5.0 from 3 votes
Kuy Teav
Kuy teav is a delicious traditional noodle soup that is prepared with rice noodles, pork stock and toppings. It is of Chinese origin but is a very popular breakfast dish in Cambodia and Southern Vietnam.
Prep Time
30 mins
Cook Time
3 hrs 30 mins
Total Time
4 hrs
Servings: 4 people
Course:
Appetizer , Soup
Cuisine:
Asian , Vietnamese , Cambodian
Ingredients
- 3 lb pork neck
- 2 teaspoons dried shrimp
- 2 teaspoons fish sauce
- 3 hard-boiled eggs , quartered
- 1 lb rice noodles
- 1 lb ground pork
- 3 teaspoons rice wine
- 3 teaspoons soy sauce
- 1 tablespoon honey
- 1 tablespoon sesame oil
- 1 lb raw shrimp , peeled and deveined
- salt
- Kampot white pepper
Garnish
- 2 handfuls bean sprouts
- ½ bunch cilantro , chopped
- 4 scallions , chopped
- 1 tablespoon fish sauce
- 3 teaspoons Sriracha chili sauce (or more, to taste)
- 2 limes , quartered
Instructions
- In a saucepan over high heat, boil the pork necks for 10 minutes after reaching boiling point.
- Drain and discard the cooking water.
- Put the pig's necks back in the pot and fill with enough water to cover the bones by at least 2 inches (5 cm).
- Add the dried shrimp and mix.
- Simmer on low heat for 3 hours, until the meat comes off the bones.
- Slowly skim all the foam that forms on the surface of the broth. Add boiling water to maintain the same level, if necessary.
- Remove the necks from the broth using a skimmer and allow to cool for 5 minutes.
- Remove the meat from the bones and set aside.
- Add the fish sauce to the broth and season with salt and pepper to taste.
- Simmer the broth over low heat while the rest of the recipe is prepared.
- Bring a large pan of water to a boil, cook the noodles for 30 seconds, drain and rinse immediately with cold water.
- In a large skillet over medium-high heat, add the minced pork and mix well. (Crush the ground meat as you cook with a mashed press).
- Add rice wine, soy sauce and honey. Cook for about 10 minutes, stirring regularly.
- Add the pork neck meat and the sesame oil, mix and reserve.

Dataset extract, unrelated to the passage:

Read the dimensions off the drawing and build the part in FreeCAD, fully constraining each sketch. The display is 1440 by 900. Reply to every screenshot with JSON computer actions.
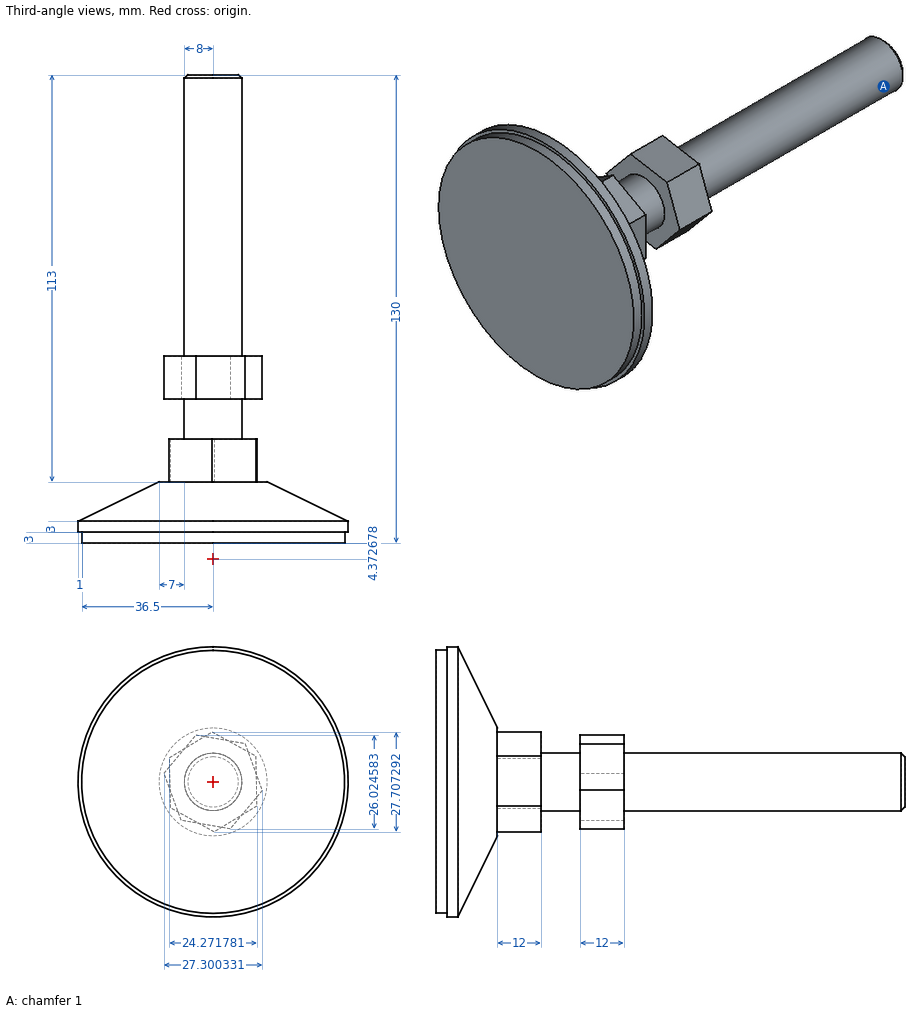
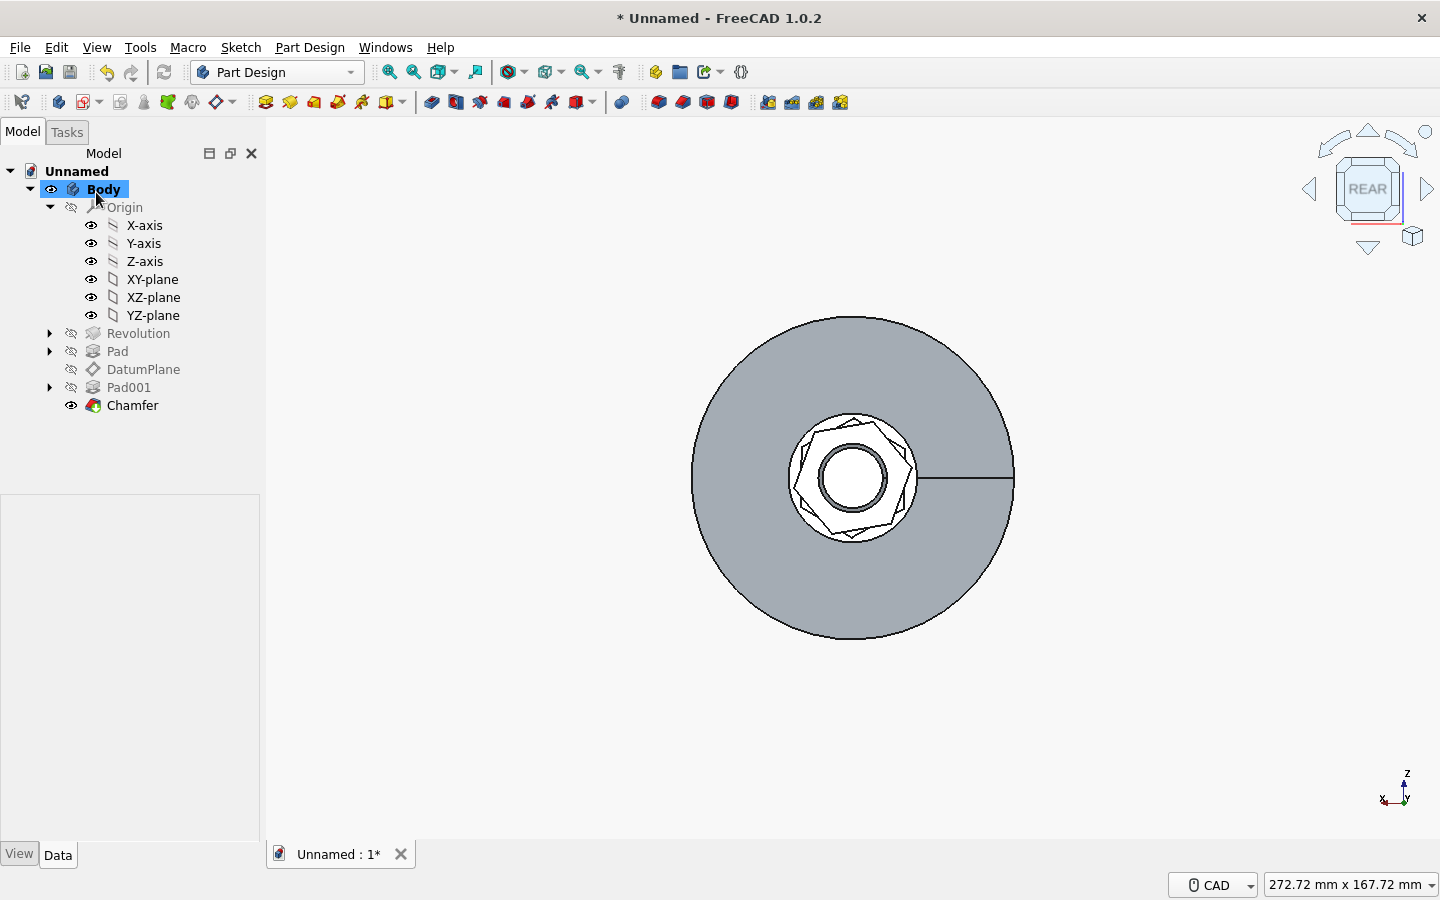
{"action": "key", "text": "0"}

- Bring the broth to a boil over a high heat.
- Place the shrimp in a metal colander and immerse it in the pot to cook the shrimp for 10 minutes in the simmering broth.
- Remove the colander, drain and reserve the shrimp.
- Divide the noodles into 4 large bowls.
- Add the shrimp, pork, and a little of each topping to each bowl: soy sprouts, chopped cilantro, chopped scallions, fish sauce, Sriracha chili sauce, lemons)
- Pour the broth into each bowl and place pieces of hard-boiled egg on top. Serve very hot with additional toppings on the side.